10 3.What does Winston mean by the Quote “If there is hope it lies in the proles?” Winston means that the only chance of anyone getting rid of the party is for the proles to come together and rebel as one against the government. 4.Why does Orwell keep referring to “Freedom is the freedom to say that two plus two make four. If that is granted, all else follows?” He keep referring to it because Big Brother will tell you that it equals 5, but if you have that freedom where you can say it equals 4 confidentially can overcome Big Brother. 5.What would you have done with the picture Winston received through the tubes of Jones, Aaronson, and Rutherford? I would have tried to keep it somewhere safe like in a lock box so I have that one piece of history that hasn’t yet been altered.

11 Summary In the beginning Winston starts out writing in his diary about how he hopes that someday the proles will rebel against Big Brother and destroy the government. The proles need to become conscious of how strong they would be if the all joined forces.
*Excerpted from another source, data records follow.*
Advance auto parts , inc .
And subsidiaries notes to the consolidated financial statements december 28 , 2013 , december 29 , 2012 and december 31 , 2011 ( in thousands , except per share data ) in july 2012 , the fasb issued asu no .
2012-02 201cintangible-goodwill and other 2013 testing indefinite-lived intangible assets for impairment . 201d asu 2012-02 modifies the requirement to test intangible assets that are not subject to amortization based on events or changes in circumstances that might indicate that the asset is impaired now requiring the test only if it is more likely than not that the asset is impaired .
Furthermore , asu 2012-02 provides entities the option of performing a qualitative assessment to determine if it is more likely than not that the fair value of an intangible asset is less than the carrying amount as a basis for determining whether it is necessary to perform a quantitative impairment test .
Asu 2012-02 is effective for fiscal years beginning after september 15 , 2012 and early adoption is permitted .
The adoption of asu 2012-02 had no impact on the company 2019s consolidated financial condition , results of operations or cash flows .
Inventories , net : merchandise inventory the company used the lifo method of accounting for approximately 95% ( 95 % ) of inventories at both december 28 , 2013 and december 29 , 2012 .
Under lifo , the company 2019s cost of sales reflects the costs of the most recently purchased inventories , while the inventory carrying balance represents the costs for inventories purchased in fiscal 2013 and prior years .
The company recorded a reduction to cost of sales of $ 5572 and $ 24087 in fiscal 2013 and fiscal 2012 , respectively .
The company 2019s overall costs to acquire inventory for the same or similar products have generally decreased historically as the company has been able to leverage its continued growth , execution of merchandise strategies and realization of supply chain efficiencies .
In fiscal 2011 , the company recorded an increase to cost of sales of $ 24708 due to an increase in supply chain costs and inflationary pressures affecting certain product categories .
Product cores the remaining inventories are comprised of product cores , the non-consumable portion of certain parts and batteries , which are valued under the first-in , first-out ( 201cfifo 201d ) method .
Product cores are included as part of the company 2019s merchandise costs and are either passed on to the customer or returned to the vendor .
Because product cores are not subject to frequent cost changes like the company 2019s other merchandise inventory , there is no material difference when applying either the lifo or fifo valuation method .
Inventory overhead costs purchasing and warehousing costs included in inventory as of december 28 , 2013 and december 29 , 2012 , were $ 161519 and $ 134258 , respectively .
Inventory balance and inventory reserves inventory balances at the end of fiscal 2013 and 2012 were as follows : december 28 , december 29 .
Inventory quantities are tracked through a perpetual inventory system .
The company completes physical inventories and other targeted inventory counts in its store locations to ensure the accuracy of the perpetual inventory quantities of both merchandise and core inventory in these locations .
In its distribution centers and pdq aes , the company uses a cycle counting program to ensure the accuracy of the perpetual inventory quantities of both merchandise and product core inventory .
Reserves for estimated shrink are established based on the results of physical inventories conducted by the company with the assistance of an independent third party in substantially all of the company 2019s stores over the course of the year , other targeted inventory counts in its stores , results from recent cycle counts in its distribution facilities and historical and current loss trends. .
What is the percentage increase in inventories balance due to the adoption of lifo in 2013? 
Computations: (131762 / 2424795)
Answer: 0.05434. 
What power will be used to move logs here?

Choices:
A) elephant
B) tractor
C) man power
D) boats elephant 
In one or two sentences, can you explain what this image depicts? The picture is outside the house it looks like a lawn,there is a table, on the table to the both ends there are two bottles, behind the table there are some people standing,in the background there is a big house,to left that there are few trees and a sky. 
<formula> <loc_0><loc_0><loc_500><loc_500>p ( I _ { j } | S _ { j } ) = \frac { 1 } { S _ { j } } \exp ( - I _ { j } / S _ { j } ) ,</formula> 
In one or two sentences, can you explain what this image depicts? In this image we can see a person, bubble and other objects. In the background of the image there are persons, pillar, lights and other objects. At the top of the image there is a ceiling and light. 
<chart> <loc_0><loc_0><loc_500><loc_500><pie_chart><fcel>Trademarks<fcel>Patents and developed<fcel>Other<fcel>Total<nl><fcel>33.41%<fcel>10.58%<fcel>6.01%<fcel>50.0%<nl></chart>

He remembered back and was reminded of how the proles live Ignorant lives like animals, and are not motivated to revolt against the government. Winston pulled an old children's history text book out of his desk, so that he can get an Idea of what the world is supposed to look like. In the history book it shows how the cities are magnificent but Winston knows the truth because London is run down and messy. The book shows that the Party has increased the literacy rate, reduced the infant mortality rate and given everyone better food and shelter. Winston thinks that this is all false, but he can not be sure because the history was written by the party. Winston saw three revolution leaders who had been caught going against Big Brother. He saw them at the Chestnut Tree Café where a song began to play and “Under the chestnut tree,” and he noticed one of the men beginning to cry. One day he received a photograph of the three men in New York. The photograph was taken at the same time the men were supposedly committing treason. Therefore, Winston caught Big Brother in a lie. Winston was so frightened, that he destroyed the picture, but he will always remember it.

12 Analysis Winston thinks, that if the proles would join forces, is the only way that Big Brother can be defeated. The problem is that the proles don’t have anybody to lead them, and they are more concerned about unimportant things, rather than bettering there lives. Winston hopes that the proles wake up and realize what they could do if they all came together. The themes of memory, history, and fact go along with the photograph of the party members. The photograph is a symbol of the real history of what Winston believes to be true. Winston says that “two plus two equals four,” this is a symbol of right versus wrong. It is also a symbol of the freedom he hopes to have someday.